Dona Negra não sabia explicar, nem ninguém até ali saberia, o que ocorria consigo; não era a primeira vez que desmaiara sem mais aquela e ao acordar verificar-se toda molhada de baba, muita baba disse um tanto quanto envergonhada. Dona Nãna a aconselhou procurar socorro médico pois “boa coisa aquilo não era, embora a história contasse que grandes personagens dela haviam sofrido desse mal, como Júlio Cesar o Imperador do Grande Império Romano e, mais próximo de nós, o grande e talentoso escritor Machado de Assis; ao que sabia ninguém tinha morrido, mas o desmaios em aviso poderia fazer com que ela sofresse um contusão mais séria, batesse a cabeça, quebrasse uma perna e coisas desse gênero; certamente aquilo não era boa coisa e ela devia ir ao médico para se tratar”.

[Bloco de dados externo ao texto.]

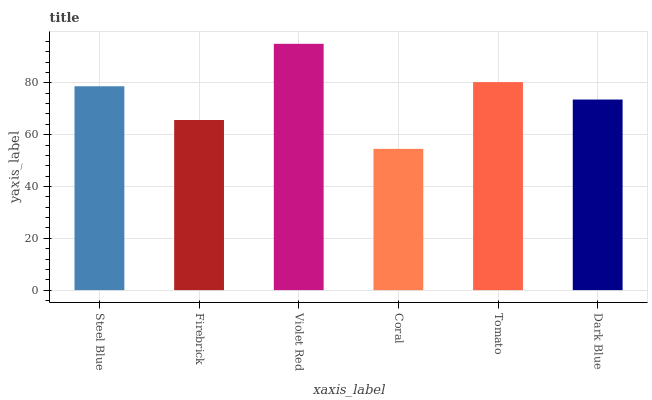Is Coral the minimum?
Answer yes or no. Yes. Is Violet Red the maximum?
Answer yes or no. Yes. Is Firebrick the minimum?
Answer yes or no. No. Is Firebrick the maximum?
Answer yes or no. No. Is Steel Blue greater than Firebrick?
Answer yes or no. Yes. Is Firebrick less than Steel Blue?
Answer yes or no. Yes. Is Firebrick greater than Steel Blue?
Answer yes or no. No. Is Steel Blue less than Firebrick?
Answer yes or no. No. Is Steel Blue the high median?
Answer yes or no. Yes. Is Dark Blue the low median?
Answer yes or no. Yes. Is Firebrick the high median?
Answer yes or no. No. Is Firebrick the low median?
Answer yes or no. No. 
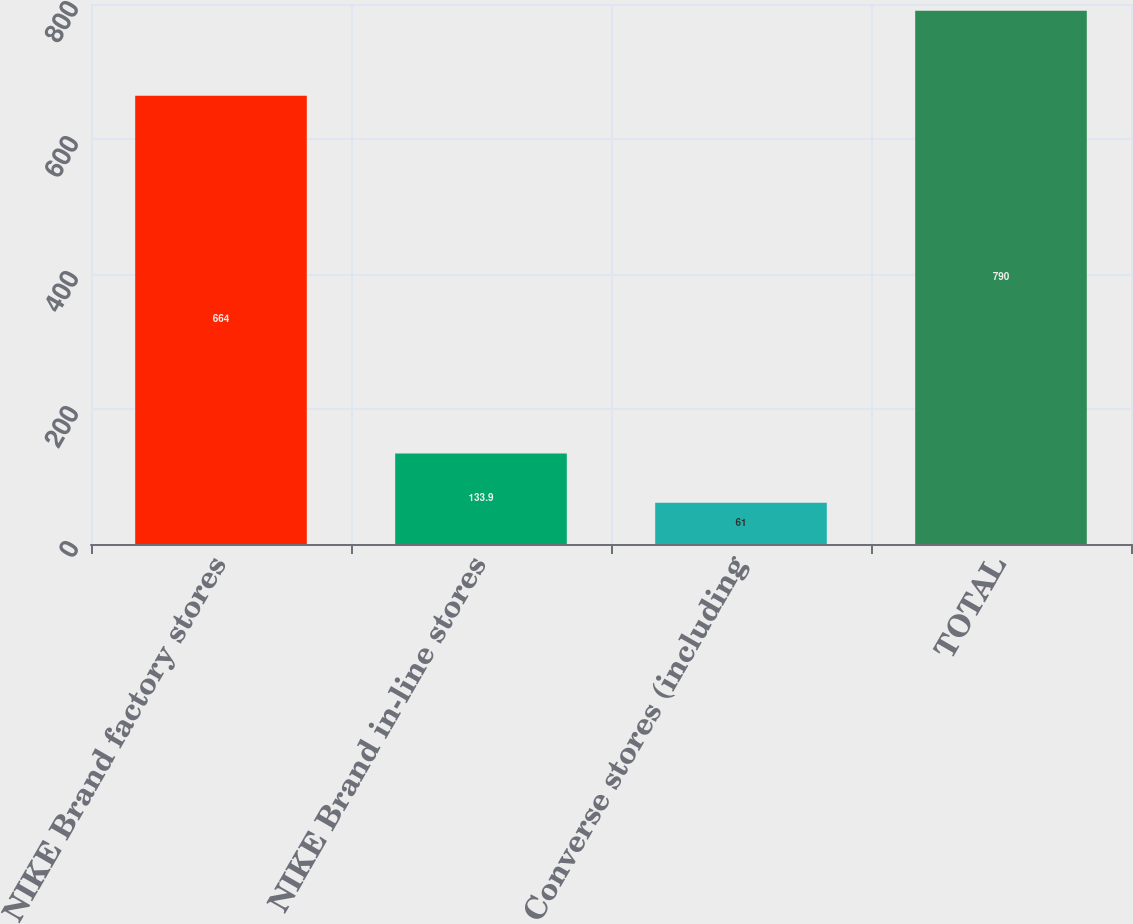<chart> <loc_0><loc_0><loc_500><loc_500><bar_chart><fcel>NIKE Brand factory stores<fcel>NIKE Brand in-line stores<fcel>Converse stores (including<fcel>TOTAL<nl><fcel>664<fcel>133.9<fcel>61<fcel>790<nl></chart> 
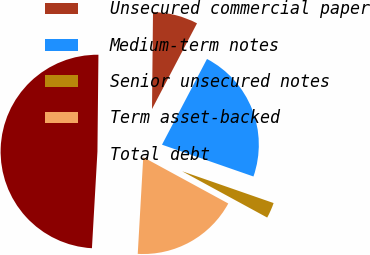Convert chart. <chart><loc_0><loc_0><loc_500><loc_500><pie_chart><fcel>Unsecured commercial paper<fcel>Medium-term notes<fcel>Senior unsecured notes<fcel>Term asset-backed<fcel>Total debt<nl><fcel>7.53%<fcel>22.63%<fcel>2.61%<fcel>17.97%<fcel>49.26%<nl></chart>

A assim chamada medicina campeira praticada pela avó do Moleque pode ser que, em toda sua extensão e prática, não tenha a eficácia e elevada contagem de resultados exuberantes quanto a sua aplicabilidade, todavia e é certo, complementa, auxilia e às vezes é a única fonte e caminho de muitos para minorar o sofrimento e dores dos desassistidos pela sorte que grassam e perambulam por vielas, campos e favelas plenas de ignorâncias, miséria e falta de condições sanitárias de tal e elevada ordem que nem mesmo o SUS, nosso tão maltratado e injustiçado sistema de saúde, quiçá único no mundo totalmente gratuito, por mais que se esforce e vá, como vai, muito além do que lhe seria pertinente exigir pelas ingratas, parcas e insuficientes condições que lhe são fornecidas para cumprir seu mister, não consegue contemplar a plenitude das necessidades e atendimento da saúde do e para o povo.

Naqueles tempos, na área campesina por onde transita o presente conto, a medicina campeira era e continua tendo elevada importância como bem o cantou nosso grande poeta, Jaime Caetano Braum no poema “Medicina Campeira”, excelente como tantos outros desse mestre que deveria ser cultuado e admirado pelos gaúchos como um dos maiores nomes da literatura universal.

GLOSSÁRIO

(*) FREÁTICO adj. (fr. Phréatique) Que diz respeito a lençol de água subterrâneo em nível pouco profundo. (Dicionário Enciclopédico Ilustrado Veja Larousse, vol. 10, Ed. Abril, São paulo, 2006).
(**) SANGA s.f (bras.) Escavação funda produzida num terreno pela chuva ou por correntes subterrâneas; (bras. Do sul) pequeno arroio. (Do cast. Zanja.) (Dicionário Brasileiro Zero Hora, Porto Alegre, 1984).
(***) GALENA s.f. (miner.) Sulfeto de chumbo, que às vezes contém prata, também chamado galenita; (bras.) aparelho rudimentar de rádio em que emprega o cristal de galena como detector ((Do lat. Galena.) (Dicionário Brasileiro Zero Hora, Porto Alegre, 1984).
(****) EPILEPSIA s.f.(gr. Epilepsia)MED Afecção caracterizada pelo aparecimento de crises que incluem manifestações clínicas paroxísticas, ger. convulsivas que se podem acompanhar de perda de consciência; ...(Dicionário Enciclopédico Ilustrado Veja Larousse, vol. 9, Ed. Abril, São paulo, 2006).
(*****) GROGUE (ó), s.m.... adj. 2 gen. Que está titubeante como quem tomou muito grogue. (Do ingl. grog.) (Dicionário Brasileiro Zero Hora, Porto Alegre, 1984).